** Work to be completed **
Faithfully repeat each entry below, minus the pictures.

** Stored items from a collection **
>>>>

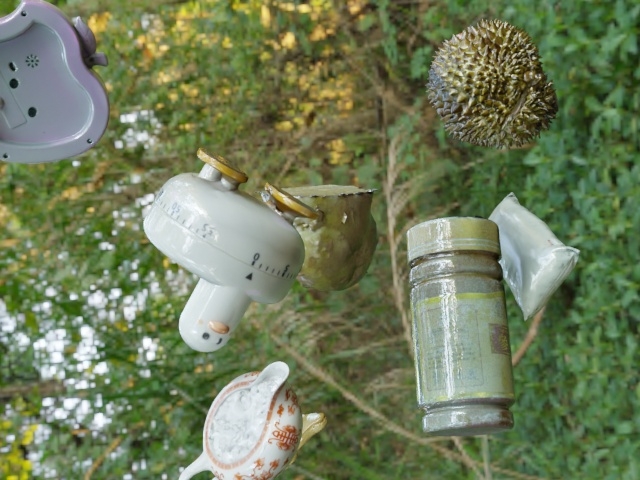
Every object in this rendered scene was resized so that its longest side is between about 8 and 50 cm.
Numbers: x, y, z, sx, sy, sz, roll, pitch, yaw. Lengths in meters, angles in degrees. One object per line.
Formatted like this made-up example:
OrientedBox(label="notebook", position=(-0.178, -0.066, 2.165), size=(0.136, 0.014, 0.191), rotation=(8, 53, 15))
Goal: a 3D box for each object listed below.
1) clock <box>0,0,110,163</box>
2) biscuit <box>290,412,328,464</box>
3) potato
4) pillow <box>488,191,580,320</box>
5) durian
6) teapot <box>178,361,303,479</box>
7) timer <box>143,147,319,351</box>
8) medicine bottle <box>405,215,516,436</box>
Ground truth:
OrientedBox(label="clock", position=(-0.593, -0.321, 1.863), size=(0.102, 0.338, 0.339), rotation=(-134, 36, -66))
OrientedBox(label="biscuit", position=(-0.085, 0.444, 1.886), size=(0.035, 0.240, 0.158), rotation=(51, 148, -4))
OrientedBox(label="potato", position=(0.000, 0.000, 2.048), size=(0.301, 0.288, 0.237), rotation=(-162, 69, -68))
OrientedBox(label="pillow", position=(0.341, 0.023, 1.548), size=(0.144, 0.078, 0.254), rotation=(-62, 24, 17))
OrientedBox(label="durian", position=(0.439, -0.392, 2.308), size=(0.384, 0.347, 0.348), rotation=(175, 90, -69))
OrientedBox(label="teapot", position=(-0.102, 0.270, 1.242), size=(0.159, 0.245, 0.116), rotation=(45, -172, 35))
OrientedBox(label="timer", position=(-0.143, 0.018, 1.267), size=(0.240, 0.233, 0.233), rotation=(-60, 4, 5))
OrientedBox(label="medicine bottle", position=(0.218, 0.137, 1.406), size=(0.151, 0.151, 0.323), rotation=(87, -179, -72))

<<<<

** Response below **
Every object in this rendered scene was resized so that its longest side is between about 8 and 50 cm.
Numbers: x, y, z, sx, sy, sz, roll, pitch, yaw. Lengths in meters, angles in degrees. One object per line.
Formatted like this made-up example:
OrientedBox(label="notebook", position=(-0.178, -0.066, 2.165), size=(0.136, 0.014, 0.191), rotation=(8, 53, 15))
Goal: a 3D box for each object listed below.
1) clock <box>0,0,110,163</box>
2) biscuit <box>290,412,328,464</box>
3) potato
4) pillow <box>488,191,580,320</box>
5) durian
6) teapot <box>178,361,303,479</box>
7) timer <box>143,147,319,351</box>
8) medicine bottle <box>405,215,516,436</box>
Ground truth:
OrientedBox(label="clock", position=(-0.593, -0.321, 1.863), size=(0.102, 0.338, 0.339), rotation=(-134, 36, -66))
OrientedBox(label="biscuit", position=(-0.085, 0.444, 1.886), size=(0.035, 0.240, 0.158), rotation=(51, 148, -4))
OrientedBox(label="potato", position=(0.000, 0.000, 2.048), size=(0.301, 0.288, 0.237), rotation=(-162, 69, -68))
OrientedBox(label="pillow", position=(0.341, 0.023, 1.548), size=(0.144, 0.078, 0.254), rotation=(-62, 24, 17))
OrientedBox(label="durian", position=(0.439, -0.392, 2.308), size=(0.384, 0.347, 0.348), rotation=(175, 90, -69))
OrientedBox(label="teapot", position=(-0.102, 0.270, 1.242), size=(0.159, 0.245, 0.116), rotation=(45, -172, 35))
OrientedBox(label="timer", position=(-0.143, 0.018, 1.267), size=(0.240, 0.233, 0.233), rotation=(-60, 4, 5))
OrientedBox(label="medicine bottle", position=(0.218, 0.137, 1.406), size=(0.151, 0.151, 0.323), rotation=(87, -179, -72))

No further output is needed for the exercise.